The study’s secondary outcomes comprised surgical duration, intraoperative bleeding, pain control, and complications. Implementing the streamlined prosthetic reconstruction process proposed in this study facilitated efficient surgical timing and intraoperative bleeding control. Preoperative 3D computer modeling and image fusion techniques allowed for anticipation of surgical complexity. Leveraging distinct anatomical landmarks in the pelvis as secure anchor points, along with precise matching of osteotomy guides, expedited the bone resection phase. This approach facilitated swift osteotomy and accurate implantation of prostheses using pre-customized cutting guides and planned screw fixation. These strategies collectively reduced surgical time, with an average duration of 275.1 ± 94.0 min, lower than reported in comparable studies on 3D-printed custom prosthetic reconstruction after en bloc resection of pelvic bone tumors (typically ranging from 234 to 618 min) [1, 17, 18, 23, 29, 38, 43, 59,60,61]. Furthermore, a benefit accompanying the reduction in surgical time is a decrease in overall intraoperative blood loss. In this study, the observed average intraoperative blood loss was 1896.9 ± 801.1 ml, lower than the reported blood loss in similar studies of 3D-printed hemipelvic prosthetic reconstruction of the pelvic girdle after tumour resection [29, 32, 55, 62].
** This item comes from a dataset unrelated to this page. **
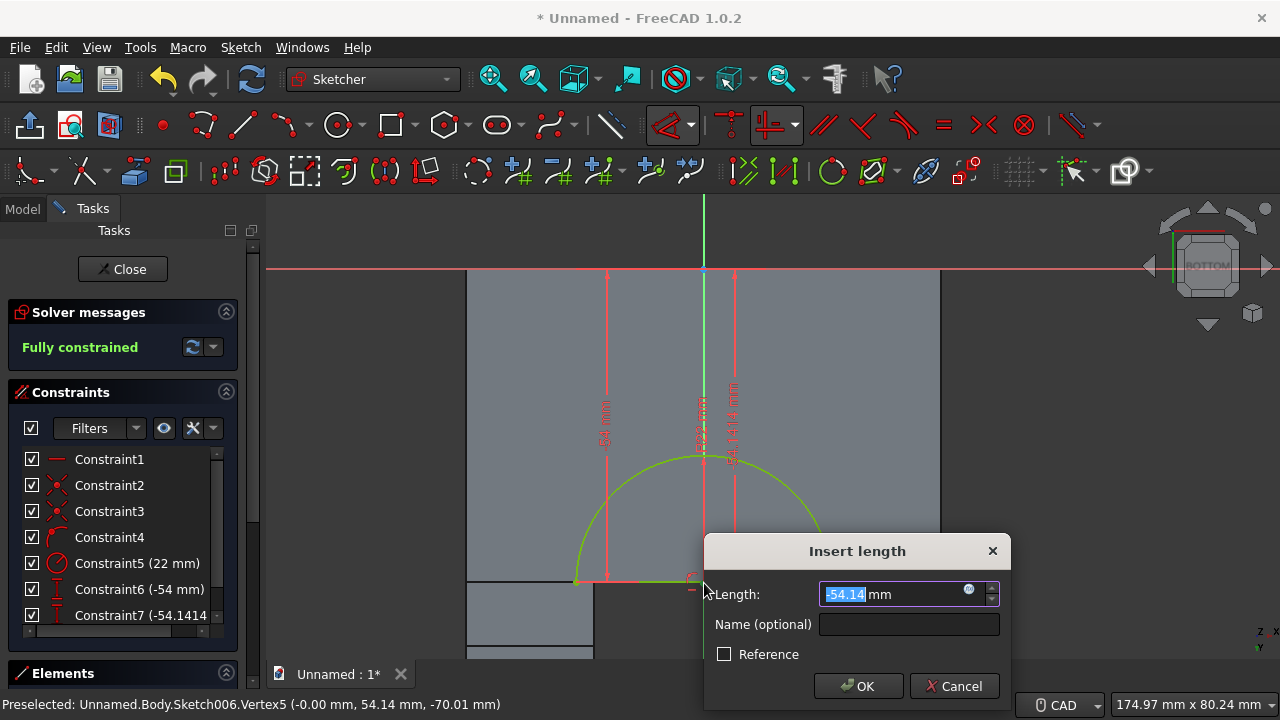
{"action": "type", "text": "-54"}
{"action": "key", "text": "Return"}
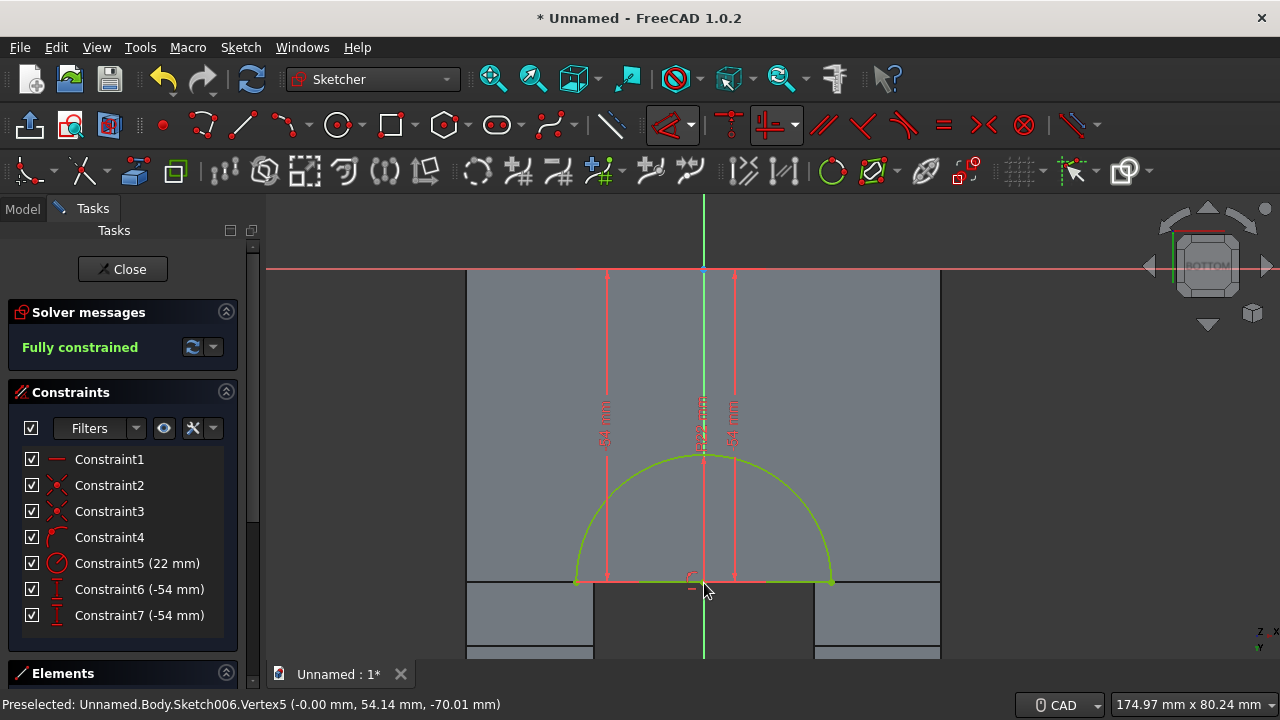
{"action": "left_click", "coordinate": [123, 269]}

Infections and aseptic loosening of prostheses are widely recognized as the most common causes of long-term failure following hemipelvic prosthesis replacement surgery [17, 19, 22, 63, 64]. In our study, the combined reduction in surgical time and intraoperative blood loss, coupled with empirically guided infection prevention measures, may contribute to the observed lower infection rates. These preventive measures included repetitive pulsed lavage and povidone-iodine soaking of the wound, alongside a simplified design for custom prostheses that eliminates unnecessary parts while retaining essential weight-bearing structures, which has successfully decreased prosthesis volume [49]. This approach enables superior soft tissue coverage under identical conditions, eliminating potential dead spaces in the pelvic region. In addition to reducing the risk of postoperative infection, we also observed a low incidence of postoperative loosening during mid-term follow-up, attributed to the achievement of stable prosthesis fixation and effective bone integration at the prosthesis-host bone interface.

Conclusion

Our streamlined workflow for 3D-printed custom hemipelvic prosthetic reconstruction, complemented by tailored cutting guide design, offers potential benefits such as precise osteotomy according to preoperative planning, accurate implantation of the prosthesis, and initial stable fixation. Furthermore, integrating biomimetic porous structures and in-surgery autografts may enhance long-term osseointegration at the prosthesis-host bone interface, thereby mitigating the risk of loosening. Consequently, 3D-printed custom hemipelvic prostheses present a promising alternative for pelvic girdle reconstruction following tumour resections.